7 The known determinant account

Let us take stock of where we are and what we need to design. We need a principle for intention reconsideration that is: (i) precise enough that it could be implemented with little extra work, given an implementation of the IRMA architecture; (ii) task-independent; (iii) such that the agent can run the reconsideration module with little or no computational cost; (iv) stays clear of the inflationary conception of metareasoning.

To these ends, I propose that we shift our focus from desirability to its determinants, and in particular to those determinants of desirability that can be known on the cheap.Footnote 15 The basic intuition is that the desirability that an agent attaches to each option is not well understood as an atomic lump. Instead, it is always structured by some implicit rubric, and the entries within that rubric are what I will refer to as ‘determinants’. Let us say, then, that the determinants of a desirability function are whatever factors inform the values it assigns to options or prospects. The discussion of Tileworld provides some examples of determinants: points attached to holes, distances from the holes and between tiles and holes, and so on.

I want to introduce two different perspectives one might take on this implicit rubric. According to the direct perspective, the rubric may be viewed as part of the apparatus that the agent brings to deliberation. The direct perspective is not mandated. According to the indirect perspective, we might suppose that the rubric structure doesn’t actually play a role in deliberation. Instead, the rubric is generated post-hoc as a heuristic guess that models the likely generation of the desirability function. The immediate inspiration for this approach is the literature on explainable AI (XAI). This literature has emerged in response to concerns about the opacity of machine learning algorithms. In that contexts, a class of proposals have been advanced according to which a machine learning algorithm may be coupled with a secondary algorithm whose job is to provide users of the algorithm and stakeholders a rough understanding of the factors that influence the underlying algorithm’s classifications. The notable and crucial feature is that this secondary algorithm has no influence on the underlying primary algorithm. The post-hoc approach to explainable AI has gone in for serious criticism when interpreted as an answer to (admittedly somewhat vaguely formulated) interpretability challenges (Lipton, 2018; Krishnan, 2020; Babic et al., 2021).Footnote 16

But in the present context, I am not suggesting applying the idea in the same way, and it is not clear that the kinds of complaints that are frequently voiced against post-hoc explanation methods in AI apply. In the barest terms, the indirect proposal is the view that an agent may maintain at the same time a utility function and a model of the utility function. The reconsideration module would be sensitive to the model of the utility function, while deliberation itself reliefs on the utility function.

In the most basic formulations of the Tileworld task, it is plausible to suggest that all the main determinants of desirability are immediately known at zero cost by the agent. In general, however this might fail to be true. Consider a simple variant of the Tileworld environment in which the point-values attached to each hole are only known if the agent is no more than 5 steps away from that hole. (Assume that the agent still maintains zero cost knowledge of the location of the holes.) The scores associated with the holes continue to count as determinants but they cannot be assumed to always be transparent to the agent.
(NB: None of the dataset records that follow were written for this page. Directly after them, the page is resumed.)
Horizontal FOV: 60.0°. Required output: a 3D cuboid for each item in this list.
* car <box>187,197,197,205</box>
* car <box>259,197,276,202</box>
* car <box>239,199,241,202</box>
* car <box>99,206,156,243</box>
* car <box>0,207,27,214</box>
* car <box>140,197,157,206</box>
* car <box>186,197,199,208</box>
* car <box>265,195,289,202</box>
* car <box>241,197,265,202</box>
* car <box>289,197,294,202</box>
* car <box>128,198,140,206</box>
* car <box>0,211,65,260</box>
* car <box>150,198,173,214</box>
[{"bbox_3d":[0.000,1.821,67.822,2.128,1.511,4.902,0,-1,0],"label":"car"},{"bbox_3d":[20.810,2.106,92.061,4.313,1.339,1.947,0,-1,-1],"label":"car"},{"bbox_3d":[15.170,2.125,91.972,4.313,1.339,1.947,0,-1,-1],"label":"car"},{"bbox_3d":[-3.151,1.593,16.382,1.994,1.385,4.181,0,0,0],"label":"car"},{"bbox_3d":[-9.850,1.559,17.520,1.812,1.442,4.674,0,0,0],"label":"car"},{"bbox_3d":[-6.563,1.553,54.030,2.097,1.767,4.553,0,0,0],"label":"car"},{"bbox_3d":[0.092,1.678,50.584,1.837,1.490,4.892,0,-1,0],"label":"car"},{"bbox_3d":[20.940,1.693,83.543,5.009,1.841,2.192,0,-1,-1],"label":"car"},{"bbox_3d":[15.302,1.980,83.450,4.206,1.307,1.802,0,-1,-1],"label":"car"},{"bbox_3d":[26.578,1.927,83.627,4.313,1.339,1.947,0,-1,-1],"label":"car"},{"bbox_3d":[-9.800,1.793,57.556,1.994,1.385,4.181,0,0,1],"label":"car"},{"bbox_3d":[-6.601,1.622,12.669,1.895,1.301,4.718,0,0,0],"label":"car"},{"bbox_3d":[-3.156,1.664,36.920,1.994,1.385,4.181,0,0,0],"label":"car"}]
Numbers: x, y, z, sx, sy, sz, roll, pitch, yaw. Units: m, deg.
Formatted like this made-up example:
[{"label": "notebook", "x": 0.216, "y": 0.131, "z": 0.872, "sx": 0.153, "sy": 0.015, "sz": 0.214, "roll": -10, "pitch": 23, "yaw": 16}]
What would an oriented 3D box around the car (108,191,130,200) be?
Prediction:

This situation is common to everyday human practical reasoning: the desirability I assign to the prospect of enrolling my children in public school, as opposed to private, is embedded in a complicated set of dependencies on attitudes I hold and facts that obtain in my environment.

To keep this distinction in mind I will use the phrase known determinants of desirability to refer to those determinants which the agent immediately knows. In practice, the expression is a bit more of a slogan than a hard barrier. In particular, we should not to be strict about what counts as “known” for these purposes. After all, zero cost knowledge is a high standard—one that is rarely met by things we take for granted in real-life instances of planning and reconsidering. It will be best to admit as “known” those determinants for which the agent merely has reliable estimates whose cost is either zero or very low compared to their time pressures.

With that concept in hand, I can state my proposal for the filter override module: filter override should track potential improvements in known determinants of desirability. A filter override is triggered if the new prospect offers to the agent significant improvement along one or more known determinants. To put that in a compact formal statement, say that in a deliberative context C, an option o triggers filter override iff there is a known determinant \(d_i\) in the desirability function D such that the alternative is significantly better than the current intention:

$$\begin{aligned} d_i(\texttt {alternative})- d_i(\texttt {current})> \tau _{d_i} \end{aligned}$$

An important point to observe is that in this proposal the threshold for filter overriding is parametrized not just to the desirability function but to the particular determinant, as different determinants may have different thresholds.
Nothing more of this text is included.